Infant statistic data from North Carolina
Description
Individual-level infant mortality data on 20000 randomly selected births of female babies in the U.S. state of North Carolina, in 2008, together with polygons describing the county shapes.
Usage
data(infants)
data(NC.polys)
Format
infants
is a 20000 row data frame with the following columns:
- county
Number code identifying North Carolina county in which birth occurred, and matching
names(NC.polys)
. It can take 100 possible values.- age
Age of mother.
- wksgest
Completed weeks of gestation.
- marital
Equal to 1 if married, and 0 otherwise.
- grams
Infant's birth weight.
- lbw
Equal to 1 if infant's birth weight < 2500 grams, and 0 otherwise.
- ethnicity
Four categories of ethnicity: White, Hispanic, Black, Other.
- educ
Education of mother: Primary, Secondary, Tertiary.
- smoke
Equal to 1 if smoker, and 0 otherwise.
- firstbirth
Equal to 1 if it was the mother's first birth, and 0 otherwise.
- ptb
Equal to 1 if completed weeks of gestation < 37.
NC.polys
contains the polygons defining the areas in the format described below.
Details
The data frame infants
relates to the counties whose boundaries are coded in NC.polys
.
NC.polys[[i]]
is a 2 column matrix, containing the vertices of the polygons defining the boundary of the ith
county. names(NC.polys)
matches infants$county
(order unimportant).
Source
The data were compiled by the North Carolina State Center for Health Statistics (https://schs.dph.ncdhhs.gov/).

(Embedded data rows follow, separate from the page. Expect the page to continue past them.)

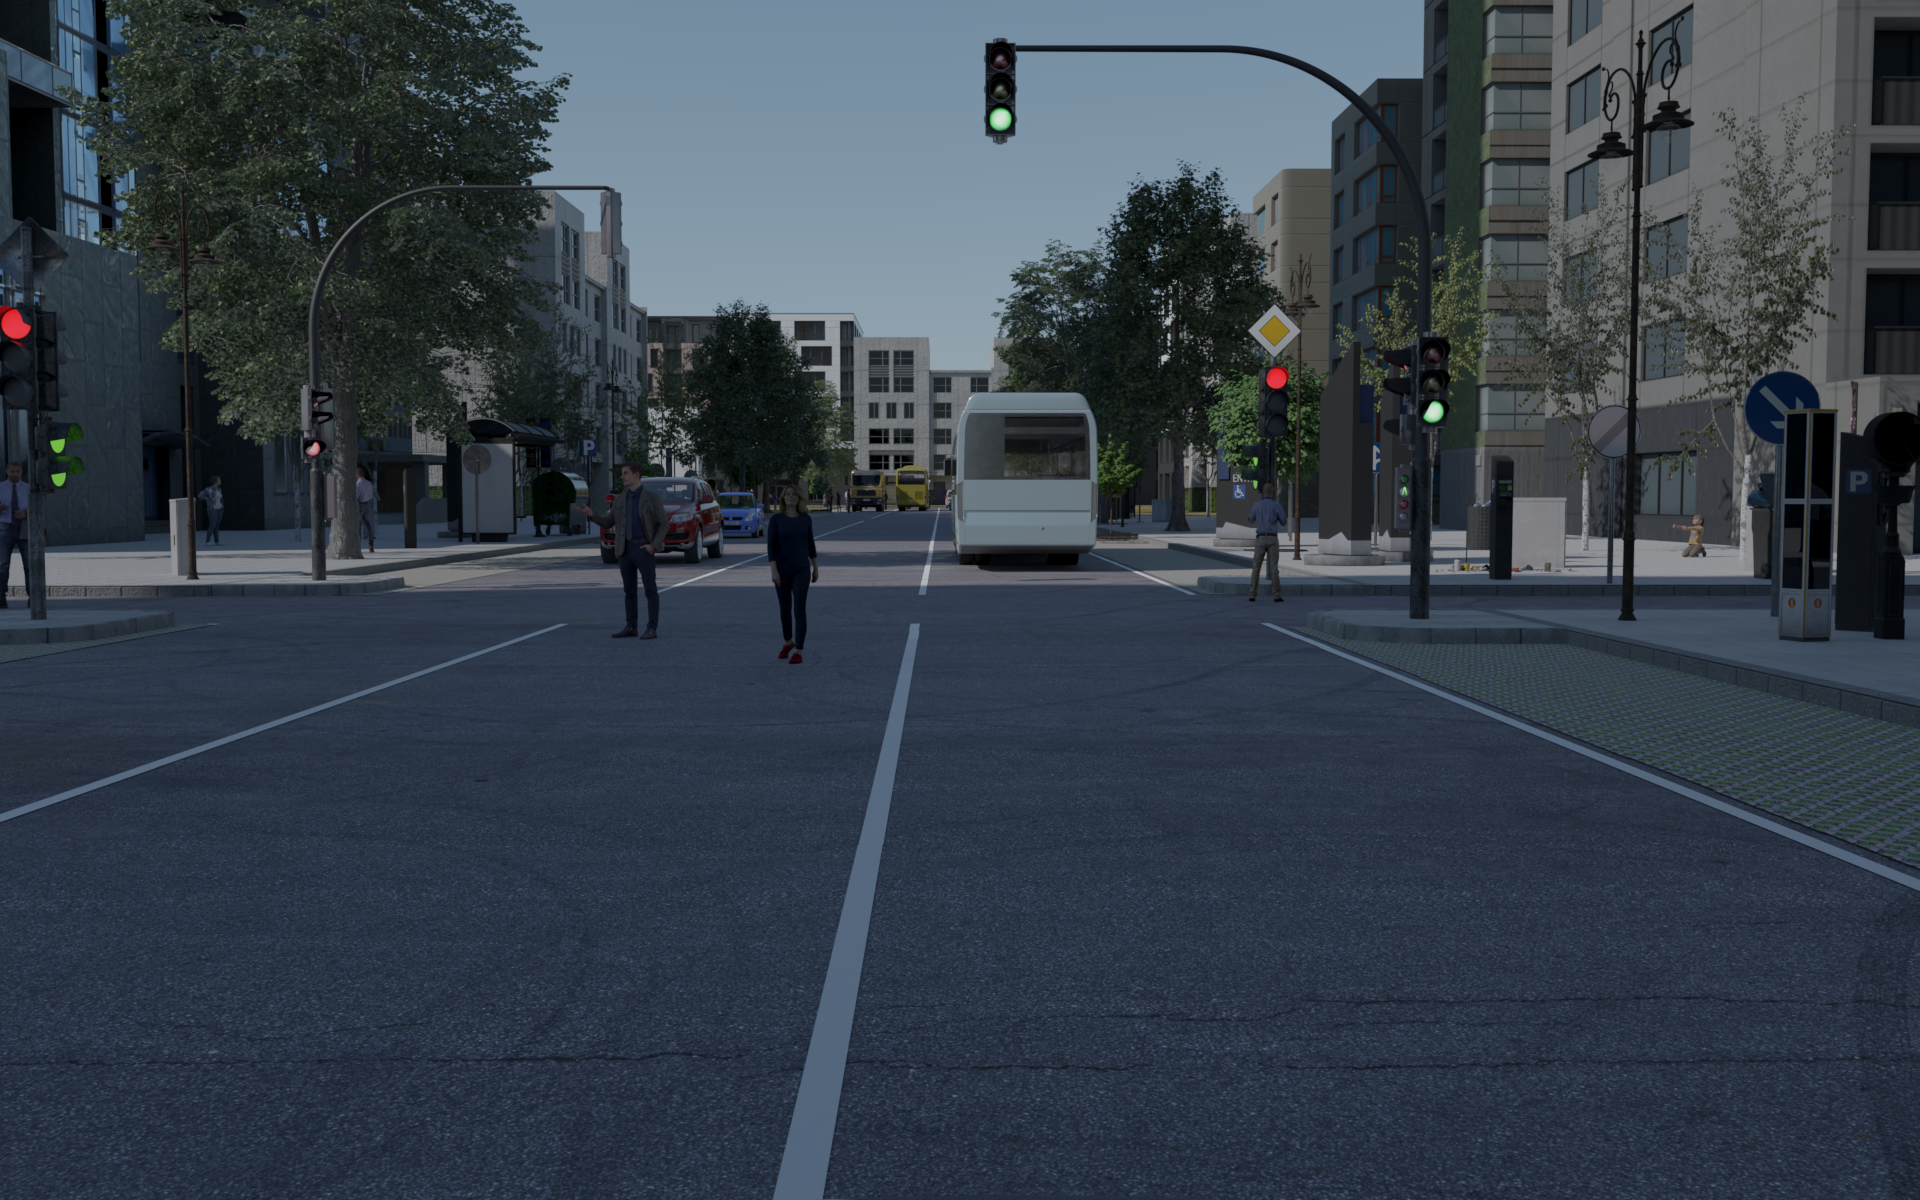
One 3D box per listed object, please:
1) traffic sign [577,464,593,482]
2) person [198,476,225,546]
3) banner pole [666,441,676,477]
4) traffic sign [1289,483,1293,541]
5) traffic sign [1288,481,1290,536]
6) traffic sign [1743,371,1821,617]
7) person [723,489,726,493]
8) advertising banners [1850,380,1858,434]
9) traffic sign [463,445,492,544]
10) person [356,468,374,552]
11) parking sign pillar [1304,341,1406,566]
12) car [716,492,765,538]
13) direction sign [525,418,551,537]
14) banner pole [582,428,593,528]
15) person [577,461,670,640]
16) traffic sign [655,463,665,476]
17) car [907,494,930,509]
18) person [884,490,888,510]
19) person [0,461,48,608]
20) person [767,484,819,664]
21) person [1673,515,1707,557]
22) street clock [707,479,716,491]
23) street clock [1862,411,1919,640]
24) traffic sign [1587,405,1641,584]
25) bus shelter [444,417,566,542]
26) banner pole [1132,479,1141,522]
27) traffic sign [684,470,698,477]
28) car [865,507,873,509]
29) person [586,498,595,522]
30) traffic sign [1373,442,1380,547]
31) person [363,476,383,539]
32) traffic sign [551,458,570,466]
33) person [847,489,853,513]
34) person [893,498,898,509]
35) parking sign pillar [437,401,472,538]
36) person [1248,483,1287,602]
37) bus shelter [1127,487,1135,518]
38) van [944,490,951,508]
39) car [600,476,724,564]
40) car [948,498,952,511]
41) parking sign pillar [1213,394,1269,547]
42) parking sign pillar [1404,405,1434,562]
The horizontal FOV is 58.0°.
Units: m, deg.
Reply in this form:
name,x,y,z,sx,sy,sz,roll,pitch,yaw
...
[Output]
name,x,y,z,sx,sy,sz,roll,pitch,yaw
traffic sign,-15.686,-4.414,72.276,0.768,2.556,0.104,0,4,0
person,-18.520,-2.216,42.991,0.376,1.734,0.841,1,4,14
banner pole,-13.624,-5.612,81.775,0.863,3.779,0.401,3,5,40
traffic sign,8.973,-2.864,46.939,0.768,2.556,0.104,0,4,6
traffic sign,10.036,-3.218,52.715,0.768,2.556,0.104,0,4,1
traffic sign,8.533,-1.098,18.061,0.768,2.556,0.104,0,4,6
person,-11.919,-4.887,88.150,0.499,1.552,0.429,0,4,-5
advertising banners,14.341,-1.919,27.562,0.090,3.025,2.074,3,4,38
traffic sign,-12.443,-2.723,44.631,0.768,2.556,0.104,0,4,6
person,-13.163,-1.953,37.845,0.599,1.838,0.709,2,4,27
parking sign pillar,6.981,-2.622,31.339,1.447,3.967,1.447,-1,4,-14
car,-7.423,-2.919,57.316,1.945,1.707,3.694,0,4,-2
direction sign,-12.556,-3.646,51.613,0.876,3.537,0.379,2,4,23
banner pole,-14.244,-4.661,66.223,0.401,3.779,0.863,1,4,17
person,-3.316,-0.493,17.089,0.617,1.759,0.750,3,4,37
traffic sign,-12.501,-4.349,71.208,0.768,2.556,0.104,0,4,5
car,-4.024,-9.533,164.536,2.281,1.827,5.304,0,4,1
person,-6.837,-9.148,158.100,0.705,1.821,1.348,1,4,20
person,-11.746,-0.806,21.547,0.709,1.838,0.599,-2,4,-31
person,-1.458,-0.233,14.846,0.480,1.512,0.613,-2,4,-28
person,14.850,-1.297,35.181,0.695,0.859,0.347,-2,4,-25
street clock,-12.108,-4.871,84.208,0.471,2.002,0.358,-1,4,-17
street clock,8.239,-0.656,15.300,0.471,2.002,0.358,0,4,5
traffic sign,9.323,-1.509,24.774,0.768,2.556,0.104,0,4,1
bus shelter,-12.617,-3.338,48.495,2.014,3.302,5.546,0,4,-1
banner pole,8.025,-5.418,78.599,0.401,3.779,0.863,3,5,42
traffic sign,-14.106,-5.552,90.889,0.768,2.556,0.104,0,3,0
car,-8.241,-9.489,165.372,2.015,1.641,3.980,0,4,-2
person,-17.197,-4.361,79.303,0.963,1.587,0.435,-1,4,-20
traffic sign,10.164,-2.580,42.295,0.768,2.556,0.104,0,4,2
person,-16.900,-2.651,49.528,0.875,1.805,0.789,0,4,-7
traffic sign,-13.904,-3.684,60.343,0.768,2.556,0.104,1,4,9
person,-8.451,-7.573,132.327,0.705,1.822,1.348,1,4,8
person,-6.126,-9.636,169.275,0.991,1.433,0.599,2,4,34
parking sign pillar,-14.707,-3.831,51.104,1.447,3.967,1.447,-3,4,-38
person,4.080,-0.765,23.074,0.516,1.574,0.319,2,4,24
bus shelter,8.788,-6.299,96.909,2.014,3.302,5.546,0,4,0
van,-0.598,-10.184,173.519,2.013,2.044,4.112,0,4,1
car,-6.359,-1.756,37.376,2.281,1.827,5.304,0,4,0
car,-0.068,-8.517,151.835,1.945,1.354,3.894,0,4,-2
parking sign pillar,6.921,-3.289,42.252,1.447,3.967,1.447,3,5,41
parking sign pillar,8.412,-2.746,33.377,1.447,3.967,1.447,0,4,4

MEPS: Medical Expenditure Panel Survey (year 2012)
Description
Subsample of the 2012 MEPS data, collected and published by the U.S. Agency for Healthcare Research and Quality.
Usage
data(meps)
Format
meps
is a 10638 row data frame with the following columns:
- general
General health: 1 excellent, 2 very good, 3 good, 4 fair, 5 poor.
- mental
Mental health (as above).
- bmi
Body mass index.
- income
Income.
- age
Age.
- gender
Male 1, Female 0.
- ethnicity
1 white, 2 black, 3 native american, 4 others.
- education
Education in years.
- region
1 Northeast, 2 Midwest, 3 South, 4 West.
- hypertension
Equal to 1 if hypertension present and 0 otherwise.
- hyperlipidemia
Equal to 1 if hyperlipidemia present and 0 otherwise.
- dvisit
Number of doctor (physicians) visits.
- ndvisit
Number of non doctor visits (non-physician providers).
- dvexpend
Expenditure on doctor visits.
- ndvexpend
Expenditure on non doctor visits.
Source
https://meps.ahrq.gov
Civil war data
Description
Civil war data from Fearon and Laitin (2003).
Usage
data(war)
Format
war
is a 6326 row data frame with the following columns:
- onset
equal to 1 for all country-years in which a civil war started.
- instab
equal to 1 if unstable government.
- oil
equal to 1 for oil exporter country.
- cwar
equal to 1 if the country had a distinct civil war ongoing in the previous year.
- gdp
GDP per capita (measured as thousands of 1985 U.S. dollars) lagged one year.
- ncontig
equal to 1 for non-contiguous state.
- nwstate
equal to 1 for new state.
- lpop
log(population size).
- lmnt
log(mountainous).
- ethfrac
measure of ethnic fractionalization (calculated as the probability that two randomly drawn individuals from a country are not from the same ethnicity).
- relfrac
measure of religious fractionalisation.
- poldem
measure of political democracy (ranges from -10 to 10) lagged one year.
Source
Data are from:
Fearon J.D., Laitin D.D. (2003), Ethnicity, Insurgency, and Civil War. The American Political Science Review, 97, 75-90.